16. Consequentemente, não é estritamente necessário que o Tribunal responda à questão de saber se as disposições da directiva podiam exercer aquilo a que correntemente se chama efeito directo "horizontal", ou seja, saber se poderiam impor obrigações a organismos privados ou a particulares, de modo que, por exemplo, na falta de transposição no termo do prazo estabelecido, a responsabilidade de uma companhia de seguros poderia ser suscitada perante os órgãos jurisdicionais nacionais. Trata-se de uma questão levantada, embora não expressamente, pela decisão de reenvio, mas a resposta não será, segundo penso, de qualquer utilidade para o órgão jurisdicional nacional. Uma vez que, nas circunstâncias do presente processo, a directiva não tem qualquer efeito directo, ela não pode evidentemente ter efeito directo "horizontal". Assim, embora este problema seja suscitado nas questões do órgão jurisdicional nacional, não penso que o Tribunal se deva pronunciar sobre ele. Mais uma vez, a finalidade do sistema do artigo 177. é fornecer respostas que sejam úteis para o órgão jurisdicional nacional. Do mesmo modo que nalguns casos exige que se responda a uma questão que não foi directamente colocada pelo órgão jurisdicional nacional (13), este sistema pode por vezes justificar que não se responda a uma questão que foi colocada. Assim pode acontecer especialmente quando, como no caso vertente, a questão suscita problemas de grande importância para a ordem jurídica comunitária. Poderia parecer desproporcionado que o Tribunal se pronunciasse sobre estes problemas num processo em que a questão não tem que ser decidida.

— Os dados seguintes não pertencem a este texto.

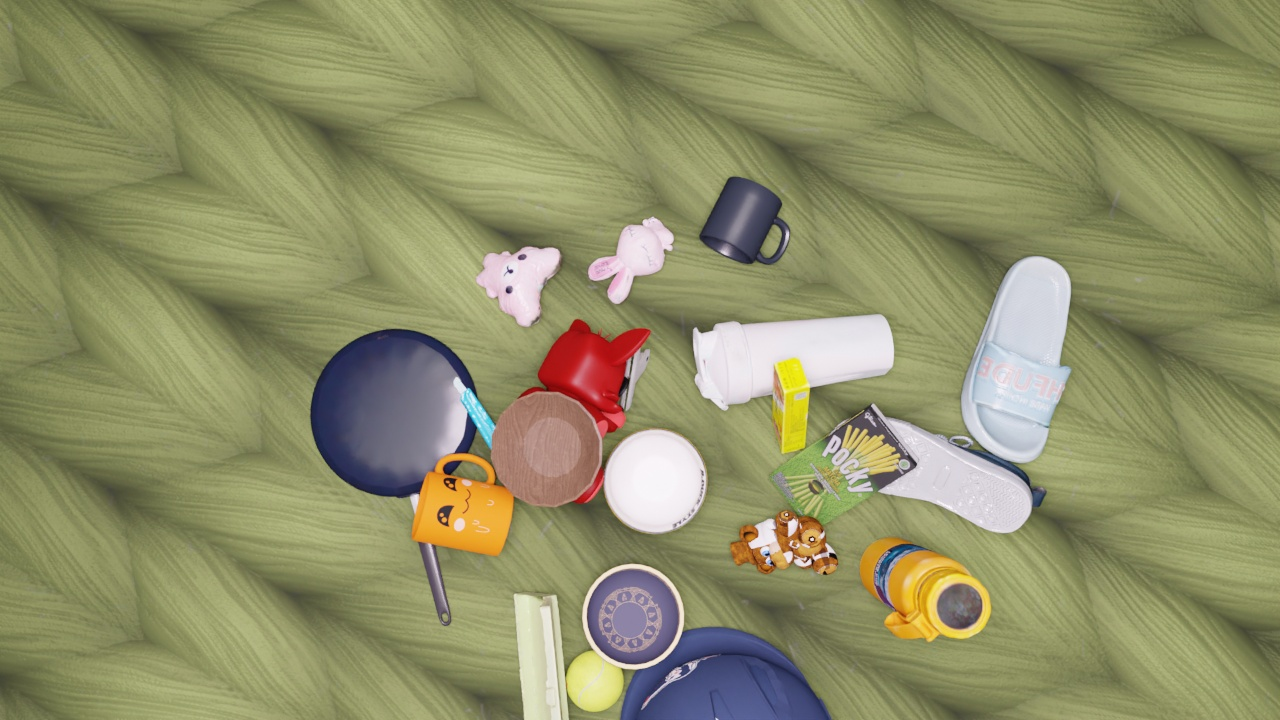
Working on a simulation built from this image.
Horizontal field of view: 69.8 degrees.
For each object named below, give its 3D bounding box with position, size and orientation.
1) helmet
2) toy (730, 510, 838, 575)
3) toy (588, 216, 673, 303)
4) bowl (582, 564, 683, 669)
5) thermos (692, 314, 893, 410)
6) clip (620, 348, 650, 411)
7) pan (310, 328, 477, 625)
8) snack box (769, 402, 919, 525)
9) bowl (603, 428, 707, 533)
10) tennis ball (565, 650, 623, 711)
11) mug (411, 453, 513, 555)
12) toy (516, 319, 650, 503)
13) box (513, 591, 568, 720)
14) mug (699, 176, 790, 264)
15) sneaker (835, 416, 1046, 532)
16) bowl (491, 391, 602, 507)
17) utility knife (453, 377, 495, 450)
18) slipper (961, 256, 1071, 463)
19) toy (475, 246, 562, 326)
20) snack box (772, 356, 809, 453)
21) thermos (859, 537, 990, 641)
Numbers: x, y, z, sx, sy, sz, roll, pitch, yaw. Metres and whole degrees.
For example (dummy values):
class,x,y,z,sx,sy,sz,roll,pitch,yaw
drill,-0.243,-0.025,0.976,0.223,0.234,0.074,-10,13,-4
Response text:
class,x,y,z,sx,sy,sz,roll,pitch,yaw
helmet,0.087,0.411,0.978,0.232,0.223,0.272,-33,50,-3
toy,0.160,0.210,1.043,0.113,0.067,0.087,-20,121,16
toy,-0.009,-0.122,1.085,0.063,0.047,0.110,44,90,12
bowl,-0.010,0.292,1.038,0.112,0.061,0.112,2,69,-5
thermos,0.173,-0.002,1.052,0.220,0.099,0.099,-6,85,-4
clip,-0.006,0.007,1.072,0.040,0.102,0.054,9,41,-2
pan,-0.271,0.137,1.078,0.199,0.021,0.356,-15,86,-1
snack box,0.227,0.122,1.035,0.148,0.025,0.080,-40,86,30
bowl,0.016,0.137,1.052,0.117,0.067,0.117,0,85,0
tennis ball,-0.052,0.361,1.035,0.065,0.065,0.065,0,85,0
mug,-0.199,0.158,1.043,0.096,0.078,0.112,15,54,-17
toy,-0.074,0.048,1.024,0.120,0.159,0.197,36,76,-31
box,-0.101,0.353,1.008,0.047,0.141,0.187,-4,83,-18
mug,0.131,-0.156,1.081,0.105,0.071,0.077,29,85,-24
sneaker,0.337,0.118,1.045,0.236,0.087,0.089,24,114,22
bowl,-0.093,0.089,0.936,0.118,0.030,0.118,0,90,11
utility knife,-0.182,0.072,1.074,0.022,0.015,0.123,-30,97,-4
slipper,0.443,-0.005,1.059,0.104,0.074,0.245,15,84,2
toy,-0.148,-0.096,1.081,0.096,0.053,0.099,19,82,14
snack box,0.166,0.052,1.018,0.029,0.148,0.040,-14,58,-1
thermos,0.292,0.243,0.959,0.076,0.233,0.091,19,86,1

17. No entanto, tem sido prática frequente do Tribunal não examinar a relevância das questões colocadas, mas de lhes responder mesmo sem saber de que forma a resposta solicitada pode influir na solução dos litígios no processo principal (14). No caso de se decidir ser este o procedimento a adoptar, passarei a analisar de que modo a questão poderia ser abordada se se considerasse necessário dar uma resposta.

18. Tanto a Comissão como Le Foyer SA, nas respectivas observações escritas, defendem que se fosse necessário analisar a questão do efeito directo horizontal, seria suficiente responder remetendo para a jurisprudência do Tribunal segundo a qual o efeito directo das directivas apenas é oponível aos Estados ou a emanações dos Estados (efeito directo "vertical") (15). Não partilho desta opinião. É bem conhecido que a jurisprudência em questão deu origem a anomalias e, noutro processo pendente, o processo Faccini Dori (16), o Tribunal foi expressamente convidado a reanalisar a questão. Examinarei este problema muito sucintamente, recordando que ele foi bastante discutido pela doutrina e amplamente debatido no processo Faccini Dori.

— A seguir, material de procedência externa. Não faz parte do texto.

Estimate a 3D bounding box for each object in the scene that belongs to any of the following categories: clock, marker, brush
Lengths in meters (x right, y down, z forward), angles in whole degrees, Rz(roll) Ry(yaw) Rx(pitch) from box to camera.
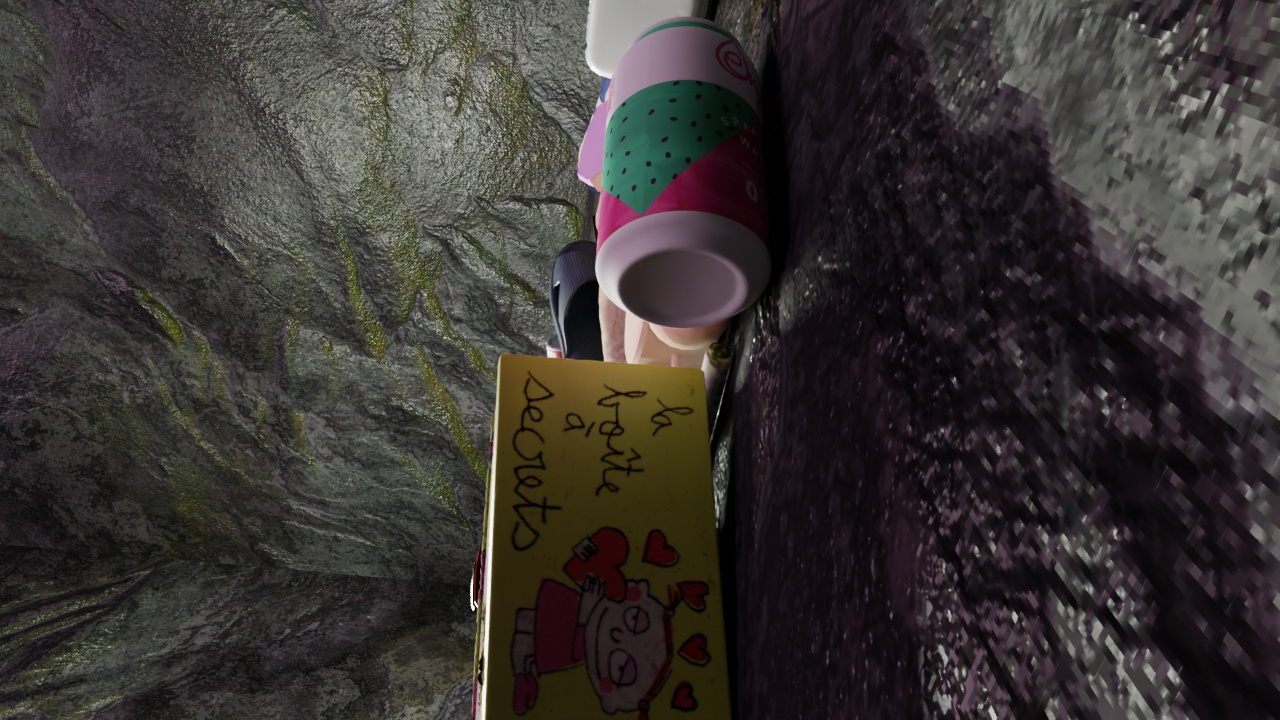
[{"bbox_3d":[0.013,-0.057,0.601,0.131,0.086,0.160,107,161,-57],"label":"clock"},{"bbox_3d":[0.034,0.053,0.564,0.017,0.017,0.147,-94,13,-57],"label":"marker"},{"bbox_3d":[0.010,-0.193,0.807,0.229,0.043,0.089,19,93,63],"label":"brush"}]

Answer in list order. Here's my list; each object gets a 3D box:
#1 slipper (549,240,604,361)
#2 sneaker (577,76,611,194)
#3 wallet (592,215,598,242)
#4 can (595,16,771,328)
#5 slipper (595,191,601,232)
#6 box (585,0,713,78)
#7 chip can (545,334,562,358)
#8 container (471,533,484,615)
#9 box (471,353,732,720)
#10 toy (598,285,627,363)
[{"bbox_3d":[-0.033,-0.040,0.921,0.083,0.101,0.263,115,156,-47],"label":"slipper"},{"bbox_3d":[-0.016,-0.283,0.979,0.233,0.091,0.118,118,153,-70],"label":"sneaker"},{"bbox_3d":[-0.031,-0.114,1.078,0.091,0.018,0.115,-36,-60,-75],"label":"wallet"},{"bbox_3d":[0.024,-0.104,0.498,0.088,0.088,0.165,107,168,-56],"label":"can"},{"bbox_3d":[-0.013,-0.171,0.978,0.239,0.064,0.094,125,152,-79],"label":"slipper"},{"bbox_3d":[0.012,-0.329,0.748,0.129,0.105,0.212,-85,6,-46],"label":"box"},{"bbox_3d":[-0.066,0.076,1.007,0.051,0.052,0.215,-100,4,-67],"label":"chip can"},{"bbox_3d":[-0.098,0.220,0.954,0.126,0.148,0.201,-88,17,-44],"label":"container"},{"bbox_3d":[-0.024,0.110,0.486,0.083,0.124,0.220,117,157,-59],"label":"box"},{"bbox_3d":[-0.005,0.005,0.797,0.196,0.065,0.264,-67,-22,-85],"label":"toy"}]

19. Foi no processo Marshall em 1986 (que pode doravante ser designado processo Marshall I) que o Tribunal se pronunciou finalmente sobre o efeito directo das directivas, declarando que "uma directiva não pode, por si só, criar obrigações na esfera jurídica de um particular e que uma disposição de uma directiva não pode ser, portanto, invocada, enquanto tal, contra tal pessoa" (17). No entanto, o Tribunal esclareceu nesse processo que M. H. Marshall podia invocar a directiva em causa contra a autoridade recorrida, a Southampton and South-West Hampshire Area Health Authority (Teaching), que podia ser considerada um organismo do Estado e que não tinha importância saber se esse organismo actuava na qualidade de empregador ou de autoridade pública. Curiosamente, portanto, o Tribunal veio a pronunciar-se sobre esta questão num processo em que não era necessário fazê-lo: o Tribunal poderia simplesmente ter declarado que a autoridade recorrida era um organismo do Estado, deixando em aberto a questão de saber se as directivas poderiam ser invocadas contra organismos privados.

20. Na decisão, o Tribunal apresentou como argumento - único - a redacção do artigo 189. do Tratado. Como sabemos, e por boas razões, tal argumentação baseada na redacção do Tratado não tem geralmente sido decisiva para a sua interpretação pelo Tribunal. Além disso, o argumento baseado nessa redacção, embora tenha algum valor, não é totalmente convincente. O artigo 189. determina que a directiva "vincula o Estado-membro destinatário quanto ao resultado a alcançar...". Independentemente de o artigo 189. não excluir expressamente a possibilidade de resultarem das directivas obrigações derivadas para outras pessoas além dos Estados-membros, cabe notar que, com base em tal argumento decorrente da redacção, teria sido completamente impossível sustentar que o artigo 119. do Tratado, por exemplo, impunha obrigações aos empregadores privados, como o Tribunal decidiu já em 1976 (18). Além disso, se uma directiva apenas pode impor obrigações aos Estados-membros, não é fácil justificar que se imponham obrigações a organismos como a Southampton and South-West Hampshire Area Health Authority (Teaching). A bem conhecida tentativa de justificar a atribuição a uma directiva de efeito directo contra um Estado-membro, alegando designadamente que um Estado-membro não deveria poder ser autorizado a invocar o seu próprio incumprimento à obrigação de implementar uma directiva, é particularmente inadequada no que respeita a tal tipo de organismo, que não é responsável por esse incumprimento.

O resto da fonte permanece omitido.